É comum que os homens não apresentem sintomas, mas quando se manifestam podemos observar:

  • Coceira intensa é sintoma mais característico;
  • Ardor ao urinar;
  • Ardência ao contato com a secreção vaginal;
  • Pele do pênis avermelhada e brilhante;
  • Inchaço leve da glande ('cabeça do pênis');
  • Descamação ao toque da pele da região peniana (pele friável);
  • Pequenas ulcerações ou vesículas com crostas cobertas por uma secreção esbranquiçada com aspecto de queijo;
  • Excreção de secreção peniana esbranquiçada semelhante ao sêmen.

A candidíase no homem pode estar ligada a fatores imunológicos ("queda" da imunidade) ou relacionados ao nível de açúcar no sangue. Sendo assim, é importante investigar causas que alterem a imunidade, como diabetes, uso de medicações e HIV.
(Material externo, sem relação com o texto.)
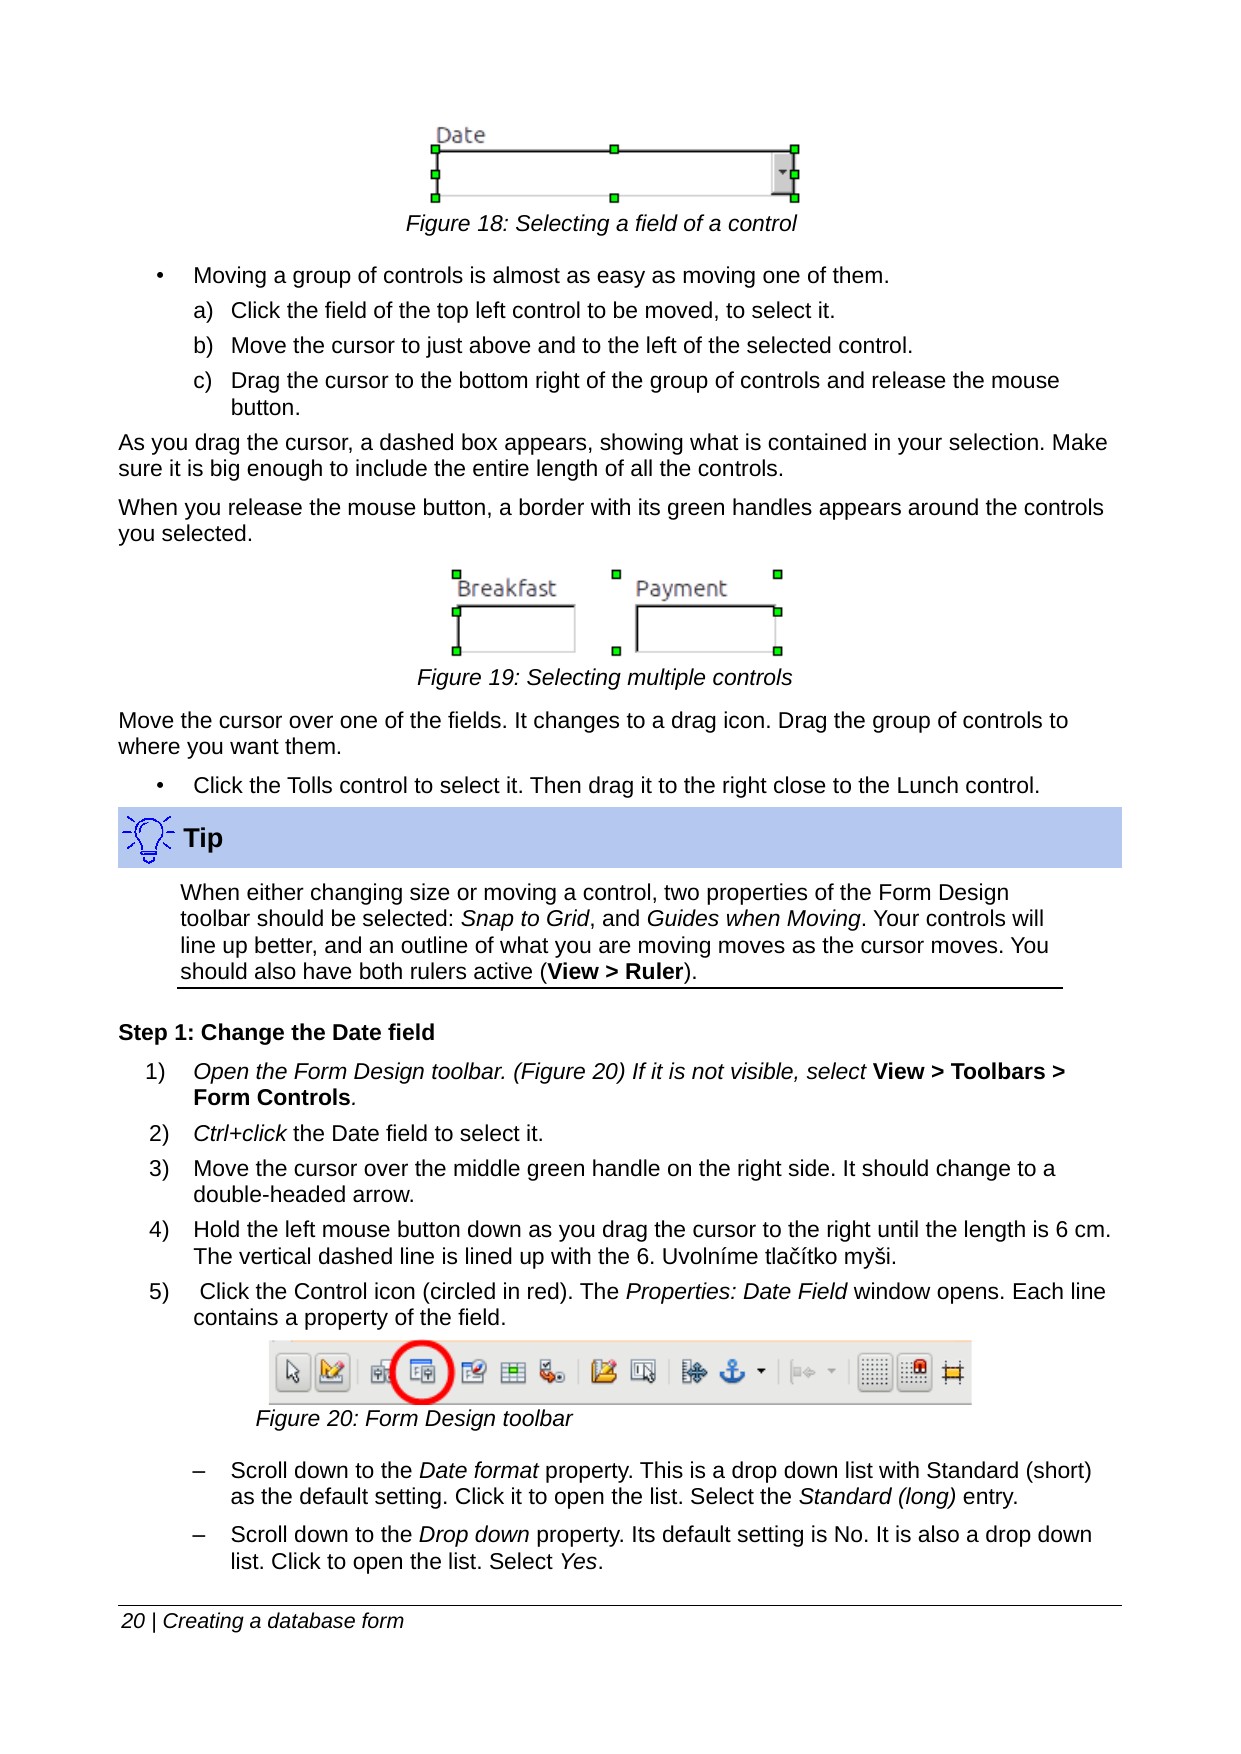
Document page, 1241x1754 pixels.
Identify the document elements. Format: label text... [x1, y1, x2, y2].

subtitle Tip [118, 807, 1122, 868]
picture [438, 559, 803, 664]
list Click the field of the top left control to be moved, to select it. [193, 297, 1122, 323]
text Step 1: Change the Date field [118, 1019, 1122, 1045]
text Figure 19: Selecting multiple controls [417, 559, 823, 690]
list Click the Tolls control to select it. Then drag it to the right close to the Lunch control. [156, 772, 1122, 798]
list Move the cursor over the middle green handle on the right side. It should change to a double-headed arrow. [169, 1155, 1122, 1207]
text When either changing size or moving a control, two properties of the Form Design toolbar should be selected: Snap to Grid, and Guides when Moving. Your controls will line up better, and an outline of what you are moving moves as the cursor moves. You should also have both rulers active (View > Ruler). [177, 876, 1063, 987]
text Figure 20: Form Design toolbar [255, 1405, 985, 1431]
text When you release the mouse button, a border with its green handles appears around the controls you selected. [118, 494, 1122, 547]
list Ctrl+click the Date field to select it. [169, 1119, 1122, 1146]
list Open the Form Design toolbar. (Figure 20) If it is not visible, select View > Toolbars > Form Controls. [165, 1058, 1122, 1111]
list Drag the cursor to the bottom right of the group of controls and release the mouse button. [193, 367, 1122, 420]
text Move the cursor over one of the fields. It changes to a drag icon. Drag the group of controls to where you want them. [118, 707, 1122, 760]
picture [119, 808, 179, 868]
list Move the cursor to just above and to the left of the selected control. [193, 332, 1122, 358]
list Hold the left mouse button down as you drag the cursor to the right until the length is 6 cm. The vertical dashed line is lined up with the 6. Uvolníme tlačítko myši. [169, 1216, 1122, 1269]
text As you drag the cursor, a dashed box appears, showing what is contained in your selection. Make sure it is big enough to include the entire length of all the controls. [118, 429, 1122, 482]
list Click the Control icon (circled in red). The Properties: Date Field window opens. Each line contains a property of the field. [169, 1278, 1122, 1331]
list Scroll down to the Drop down property. Its default setting is No. It is also a drop down list. Click to open the list. Select Yes. [192, 1521, 1122, 1574]
list Scroll down to the Date format property. This is a drop down list with Standard (short) as the default setting. Click it to open the list. Select the Standard (long) entry. [192, 1457, 1122, 1509]
text Figure 18: Selecting a field of a control [406, 118, 834, 237]
picture [268, 1339, 972, 1405]
list Moving a group of controls is almost as easy as moving one of them. [156, 262, 1122, 288]
picture [421, 118, 820, 211]

Como é feito o diagnóstico?

Um clínico geral, urologista ou dermatologista podem facilmente diagnosticar a candidíase peniana. As formas de diagnóstico incluem a avaliação dos sintomas clínicos e exames laboratoriais. No caso da avaliação laboratorial, colhe-se amostras de secreção das ulcerações ou vesículas presentes no pênis analisando-as com o auxílio de microscópio. Neste exame serão procurados nas amostra das secreções o fungo do gênero Candida. O mais comum nas infecções genitais é o Candida albicans.

Como tratar?

O tratamento da candidíase peniana consiste no uso de medicamentos antifúngicos em forma de pomadas e cremes, para uso local, e por via oral ou injetável.
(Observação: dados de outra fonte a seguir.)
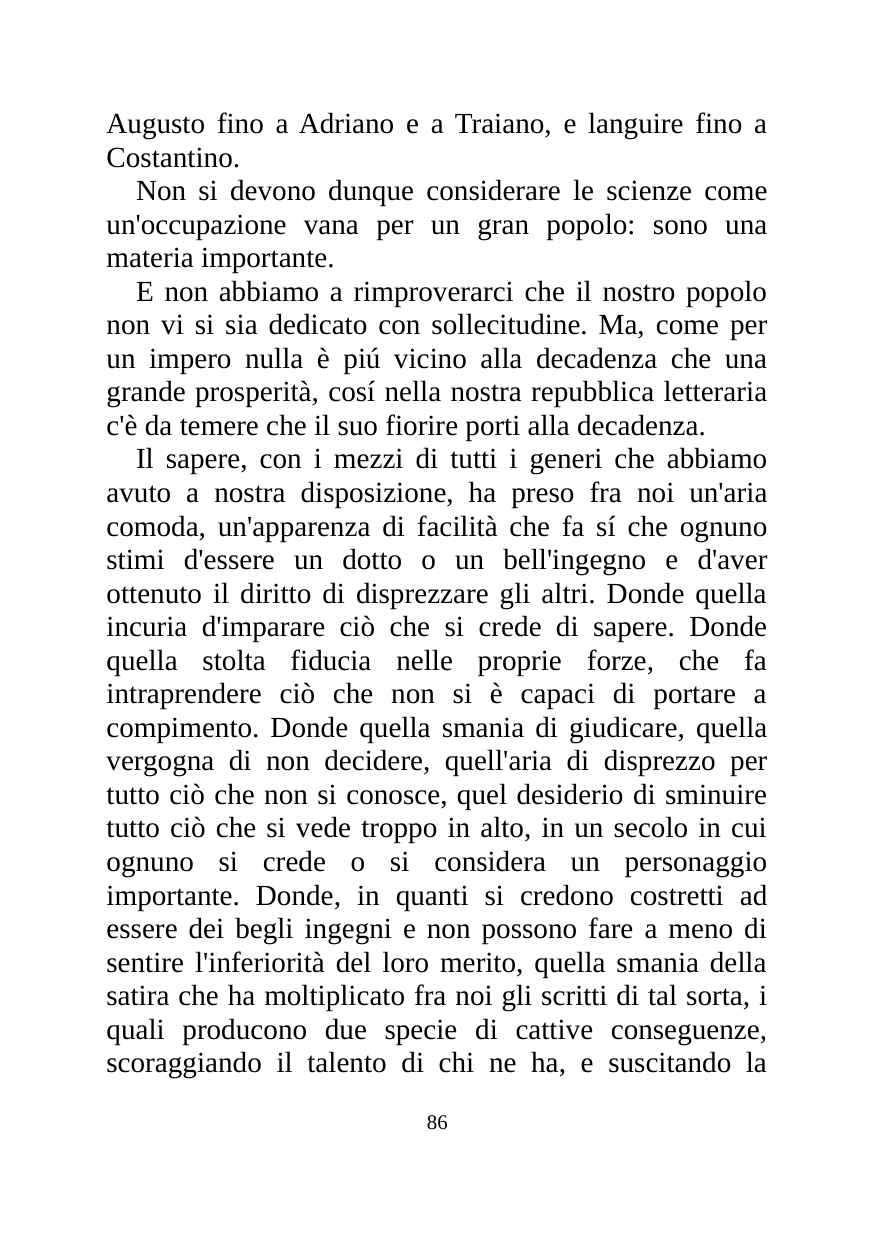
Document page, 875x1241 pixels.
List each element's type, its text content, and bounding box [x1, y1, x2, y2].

text Augusto fino a Adriano e a Traiano, e languire fino a Costantino. [106, 106, 768, 173]
text Non si devono dunque considerare le scienze come un'occupazione vana per un gran popolo: sono una materia importante. [106, 173, 768, 274]
text Il sapere, con i mezzi di tutti i generi che abbiamo avuto a nostra disposizione, ha preso fra noi un'aria comoda, un'apparenza di facilità che fa sí che ognuno stimi d'essere un dotto o un bell'ingegno e d'aver ottenuto il diritto di disprezzare gli altri. Donde quella incuria d'imparare ciò che si crede di sapere. Donde quella stolta fiducia nelle proprie forze, che fa intraprendere ciò che non si è capaci di portare a compimento. Donde quella smania di giudicare, quella vergogna di non decidere, quell'aria di disprezzo per tutto ciò che non si conosce, quel desiderio di sminuire tutto ciò che si vede troppo in alto, in un secolo in cui ognuno si crede o si considera un personaggio importante. Donde, in quanti si credono costretti ad essere dei begli ingegni e non possono fare a meno di sentire l'inferiorità del loro merito, quella smania della satira che ha moltiplicato fra noi gli scritti di tal sorta, i quali producono due specie di cattive conseguenze, scoraggiando il talento di chi ne ha, e suscitando la [106, 442, 768, 1079]
text E non abbiamo a rimproverarci che il nostro popolo non vi si sia dedicato con sollecitudine. Ma, come per un impero nulla è piú vicino alla decadenza che una grande prosperità, cosí nella nostra repubblica letteraria c'è da temere che il suo fiorire porti alla decadenza. [106, 274, 768, 442]
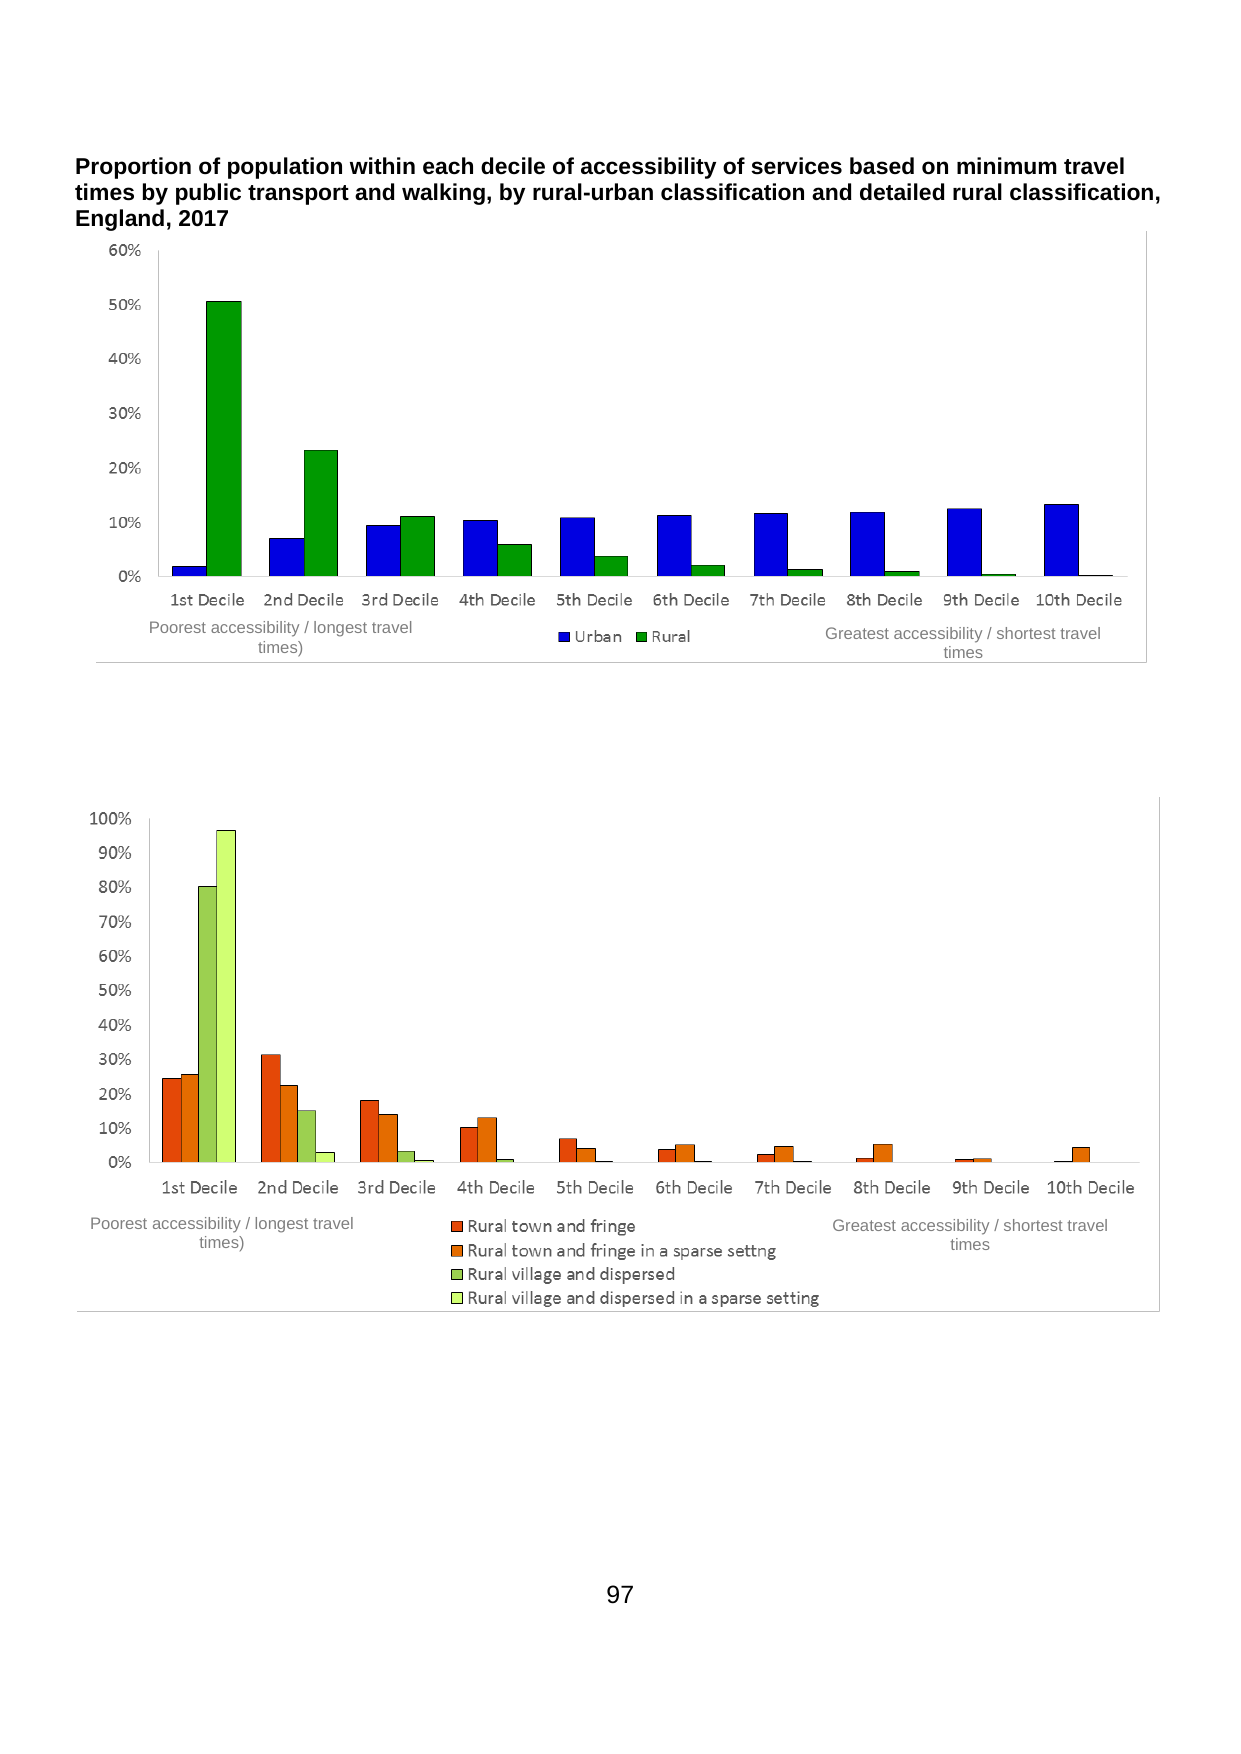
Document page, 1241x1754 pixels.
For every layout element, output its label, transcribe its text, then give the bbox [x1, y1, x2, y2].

É importante buscar orientação médica para, com base nos sintomas e exames laboratoriais, definir a melhor forma de tratamento e retirar possíveis dúvidas. Além disso, é preciso evitar relações sexuais durante o tratamento, seguir a dosagem da medicação prescrita e a duração do tratamento adequado. Estas medidas possibilitam a cura da candidíase e ajudam a evitar a sua reincidência.

Como prevenir a Candidíase Peniana?

A prevenção desta infecção tem seu foco principal em cuidados de higiene e que fortaleçam o sistema imunológico.

  • Higienizar adequadamente a região peniana para manter esta área limpa e seca;
  • Os cuidados de higiene devem ser feitos com mais atenção na área do pênis coberta pelo prepúcio, em homens não circuncidados;
  • Buscar hábito alimentares saudáveis com uma alimentação rica em frutas, legumes, e água;
  • Evitar roupas quentes, apertadas ou molhadas;
  • Usar preservativos durante as relações sexuais;
  • Usar antibiótico apenas sob prescrição médica.

Os fungos se proliferam mais facilmente em ambientes quentes e úmidos. Por este  motivo, se deve manter a região genital limpa, seca e priorizar o uso de roupas mais leves.

Em homens com prepúcio longo (pele que recobre a glande - “cabeça do pênis”) ou portadores de diabetes, pode ser necessária a circuncisão  - retirada cirúrgica do prepúcio – como uma forma de prevenir a candidíase, uma vez que esta área de mucosa pode ser limitada na sua capacidade de defesa local.

Uma alimentação saudável com baixo consumo de açúcar e a prática de exercícios físicos são hábitos que reforçam o sistema imunológico e ajudam a evitar não somente a candidíase peniana, mas também outras doenças além de influenciar positivamente na qualidade de vida das pessoas.